I would like to look through a custom set of FASTA data (say, sequences for gene proximal promoters) for the best match to an input 18mer, returning matches sorted by score. Is BLAT a good tool for this task, or should I use a different approach? If I use BLAT, what are good options to give it to search for 18mers? Apologies in advance if this is a dumb question.
The Blat FAQ has lots of useful information for running Blat. The section Using Blat for short sequences with maximum sensitivity recommends, amongst other things:
- The formula to find the shortest query size that will guarantee a match (if matching tiles are not marked as overused) is: 2 * stepSize + tileSize - 1
- Try using -fine
- Use a large value for repMatch (e.g. -repMatch = 1000000) to reduce the chance of a tile being marked as over-used
So I grabbed a FASTA file of chromosome 1, copy/pasted a chunk of it and made some 18-mers:
>1 GACTTCTTGAATGTATTG >2 TTAGCCATTTAACCACAC >3 TGTGTTGTTTCTCATTCT >4 ACCTGTAGAATCTCAAAG >5 TTCTTTCCCACTTCTATA
And ran Blat a few times with parameters such as:
blat chr1.fa 18mer.fa -stepSize=6 -tileSize=7 -fine -repMatch=1000000 out.psl blat chr1.fa 18mer.fa -stepSize=2 -tileSize=15 -fine -repMatch=1000000 out.psl
No matches were found. However, matches were found by adding:
So - you can get results using Blat, but it is not the most appropriate tool to use.
I would say that BLAT is not the right tool. BLAT is made for searching nearly exact matches and uses a seed that has to be 100% similar (Bowtie also uses the seed), if the two sequences don't have a long enough matching region you won't get any result. The tool for the mission is the basic Smith-Waterman local alignment algorithm implemented in "water" of the EMBOSS package or in the NCBI BLAST website. However, this will only give you the best hit. Another tool that might be used is MAST from the MEME suite. You will have to generate a relaxed PSSM that represents the short sequence, allowing for mismatches. You can do it manually or manipulate MEME to generate such a motif by giving the sequence several times as input along with poly A-C-G-T sequences in the same length, limit the size of the motif to the size of the input sequence and choose oops mode - exactly one match per sequence. MAST will then search for the relaxed sequence motif in the long sequence.
For short RNAs I would recommend segemehl.
It has two pros for small RNAs:
- It allows not only mismatches, but also indels in the seed (by default)
- It finds all possible equally good hits within the reference sequence (by default a paramter is set to an upper bound of 100 hits, before the read will be omitted)
Point 1 is important, since small ncRNAs tend to occur in several copies (e.g. hsa-mir-16-1 and hsa-mir-16-2 have the same sequence, but are encoded on two different chromosomes).
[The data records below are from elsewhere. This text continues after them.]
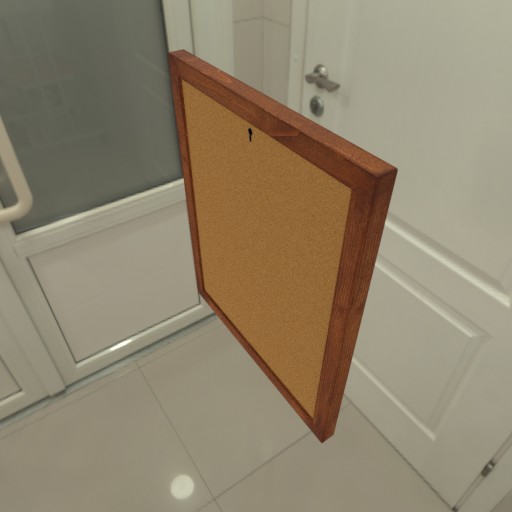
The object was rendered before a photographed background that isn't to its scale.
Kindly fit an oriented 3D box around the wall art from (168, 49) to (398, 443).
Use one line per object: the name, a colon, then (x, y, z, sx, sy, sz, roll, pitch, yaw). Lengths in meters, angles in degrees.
wall art: (0.000, 0.000, 0.766, 0.030, 0.558, 0.462, -25, 47, -25)
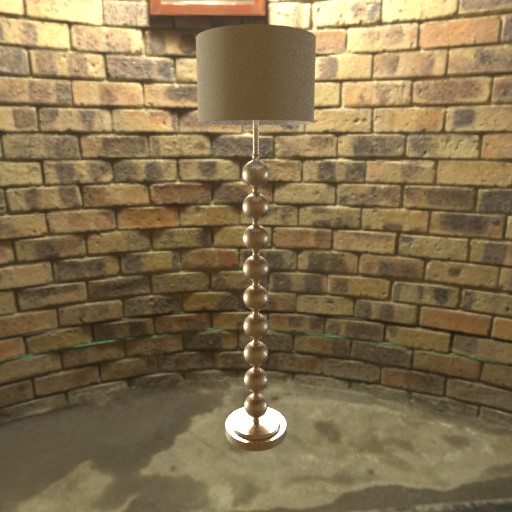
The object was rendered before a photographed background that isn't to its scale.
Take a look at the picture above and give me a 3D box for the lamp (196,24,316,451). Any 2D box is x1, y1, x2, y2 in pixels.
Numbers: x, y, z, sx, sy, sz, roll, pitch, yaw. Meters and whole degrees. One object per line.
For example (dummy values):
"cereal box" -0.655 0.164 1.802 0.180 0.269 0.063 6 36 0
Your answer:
"lamp" 0.000 0.000 1.631 0.394 1.474 0.394 -13 19 -42
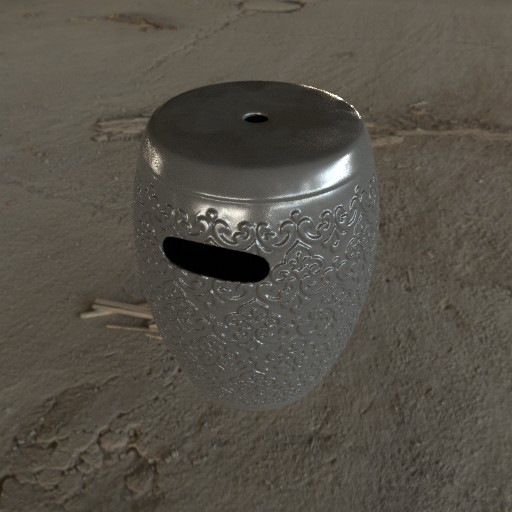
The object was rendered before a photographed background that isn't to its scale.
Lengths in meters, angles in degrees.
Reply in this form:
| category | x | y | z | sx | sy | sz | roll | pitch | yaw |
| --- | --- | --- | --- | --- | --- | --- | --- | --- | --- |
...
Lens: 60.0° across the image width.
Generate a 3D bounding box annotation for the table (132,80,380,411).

If you do not allow multiple mappings and discard these reads, you will end up with misleading results.
And bowtie actually has some problems with short RNAseq data and multiple hits. I would recommend to read Attention: Bowtie2 And Multiple Hits.
So, if your sequences can occur several times, or tend to have mistakes, I would recommend to set the correct parameters in bowtie (as explained in the mentioned thread), or use another tool.
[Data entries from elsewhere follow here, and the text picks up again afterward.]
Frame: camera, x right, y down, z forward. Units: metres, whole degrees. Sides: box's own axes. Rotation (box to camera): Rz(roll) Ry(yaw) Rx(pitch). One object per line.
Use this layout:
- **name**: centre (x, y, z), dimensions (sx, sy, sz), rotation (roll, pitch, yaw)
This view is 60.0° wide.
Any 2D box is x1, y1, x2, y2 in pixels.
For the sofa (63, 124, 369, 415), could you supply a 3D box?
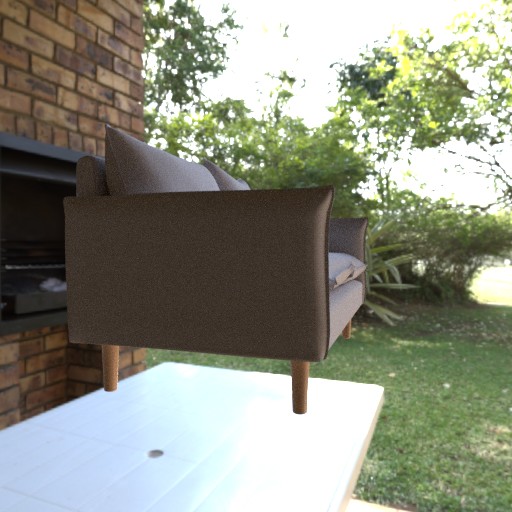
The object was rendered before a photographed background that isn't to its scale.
- **sofa**: centre (0.000, 0.000, 1.807), dimensions (0.820, 0.840, 1.300), rotation (0, 1, 18)
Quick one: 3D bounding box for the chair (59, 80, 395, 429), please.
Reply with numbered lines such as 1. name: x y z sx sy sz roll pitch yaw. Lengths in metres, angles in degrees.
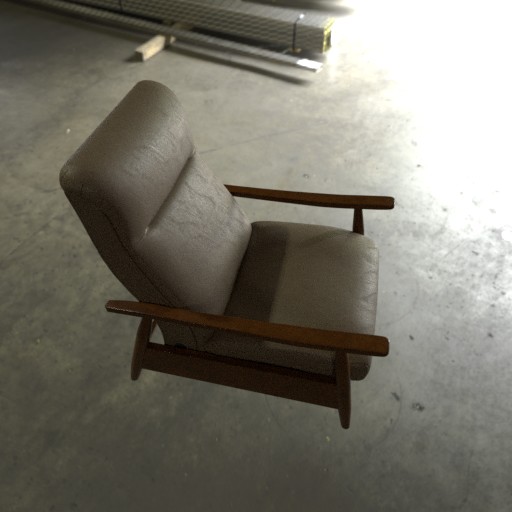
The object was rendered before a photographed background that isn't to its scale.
1. chair: 0.000 0.000 1.735 1.014 1.082 0.762 10 48 9
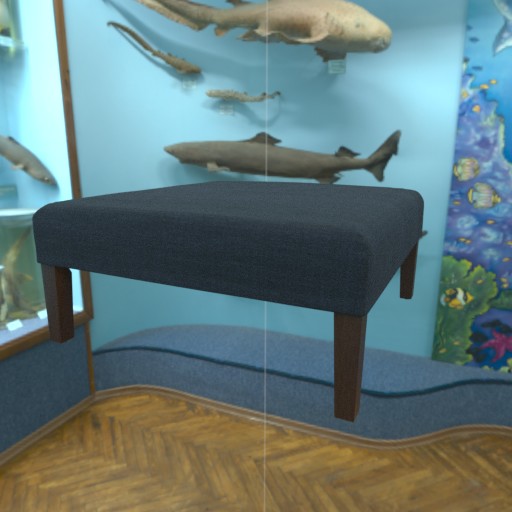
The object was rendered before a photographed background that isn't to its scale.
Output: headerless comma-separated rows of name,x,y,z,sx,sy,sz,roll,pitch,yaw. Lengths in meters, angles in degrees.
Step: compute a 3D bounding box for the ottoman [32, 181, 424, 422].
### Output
ottoman,0.000,0.000,1.394,0.890,0.411,0.889,7,15,26
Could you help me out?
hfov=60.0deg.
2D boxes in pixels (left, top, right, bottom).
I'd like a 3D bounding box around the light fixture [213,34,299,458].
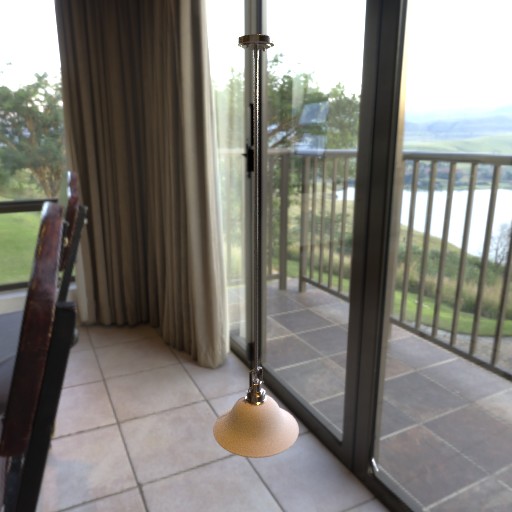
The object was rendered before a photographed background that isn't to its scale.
[{"bbox_3d":[0.000,0.000,1.508,0.324,1.354,0.324,14,21,43],"label":"light fixture"}]
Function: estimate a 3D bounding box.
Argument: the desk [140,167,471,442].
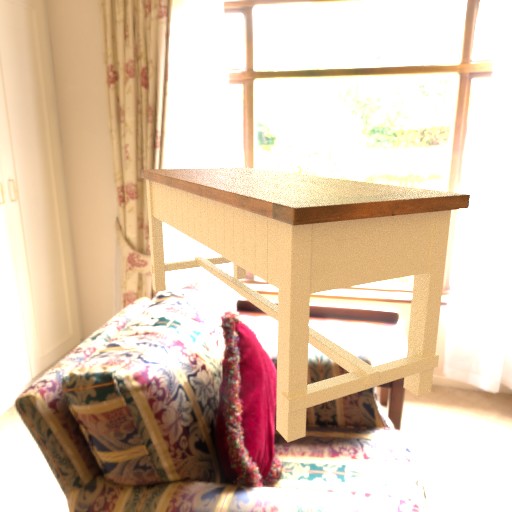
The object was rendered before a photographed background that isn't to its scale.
[{"bbox_3d":[0.000,0.000,2.201,0.688,0.762,1.803,-7,16,-26],"label":"desk"}]
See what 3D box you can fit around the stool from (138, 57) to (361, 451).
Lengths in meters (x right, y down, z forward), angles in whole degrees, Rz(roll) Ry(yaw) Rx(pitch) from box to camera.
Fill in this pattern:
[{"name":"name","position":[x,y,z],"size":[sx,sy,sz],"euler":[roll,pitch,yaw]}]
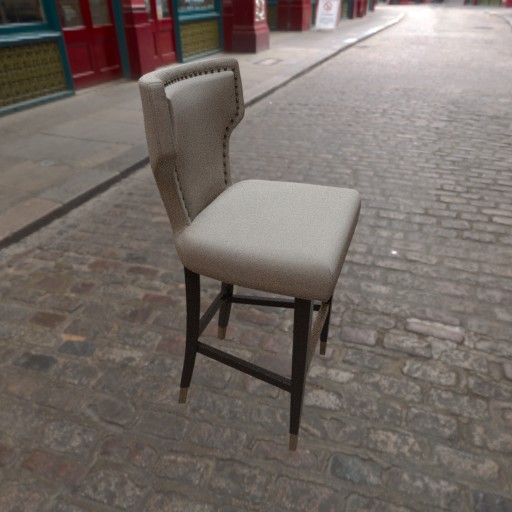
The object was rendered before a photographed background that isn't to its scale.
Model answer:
[{"name":"stool","position":[0.000,0.000,1.393],"size":[0.563,1.092,0.526],"euler":[10,32,16]}]
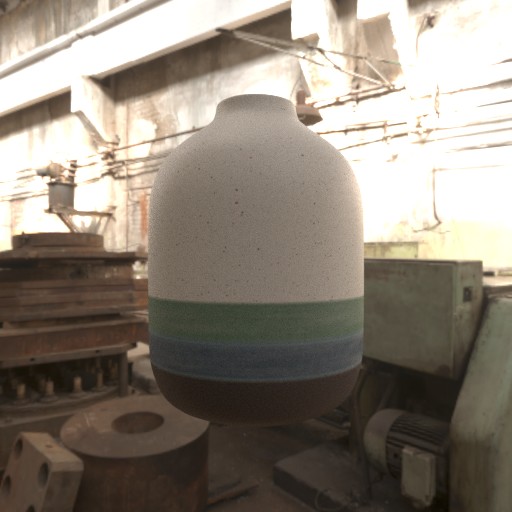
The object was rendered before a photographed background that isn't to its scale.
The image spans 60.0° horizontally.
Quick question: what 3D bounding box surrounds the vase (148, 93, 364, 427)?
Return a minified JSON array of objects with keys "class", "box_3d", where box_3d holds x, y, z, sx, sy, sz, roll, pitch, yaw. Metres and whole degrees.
[{"class":"vase","box_3d":[0.000,0.000,0.358,0.169,0.240,0.169,0,0,0]}]
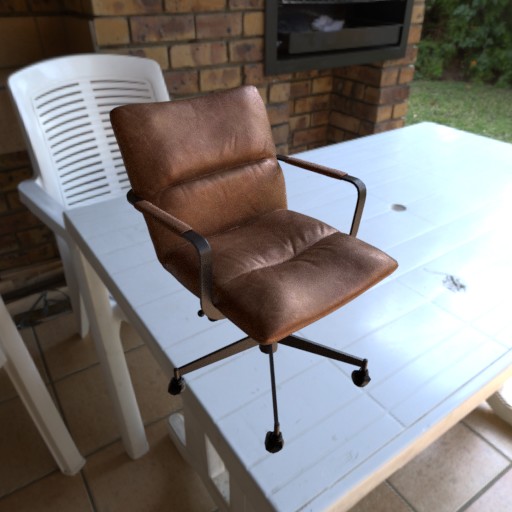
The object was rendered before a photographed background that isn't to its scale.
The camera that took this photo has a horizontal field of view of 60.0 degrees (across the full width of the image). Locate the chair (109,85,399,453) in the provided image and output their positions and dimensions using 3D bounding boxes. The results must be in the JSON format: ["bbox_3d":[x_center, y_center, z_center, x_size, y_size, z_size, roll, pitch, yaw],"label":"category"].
[{"bbox_3d":[0.000,0.000,1.477,0.727,0.922,0.754,-24,39,-33],"label":"chair"}]

BLAT tends to "oversplice" alignments, such that if there is a way to arrive at an otherwise perfect alignment with a 200bp gap between canonical splice sites, it will prefer that over something with an outright internal mismatch.
You could use Vmatch for this. Vmatch employs suffix trees, and is non-heuristic, meaning it is guaranteed to find all hits of a certain threshold. It also has more edit and hamming distance parameters than typical NGS aligners.
I think bowtie (version 1) might work well for this. I know that some of my colleagues are using bowtie to find micro RNAs that are just a few bases longer than your targets. Limitations are that is really only suited to find exact matches or up to a few mismatches.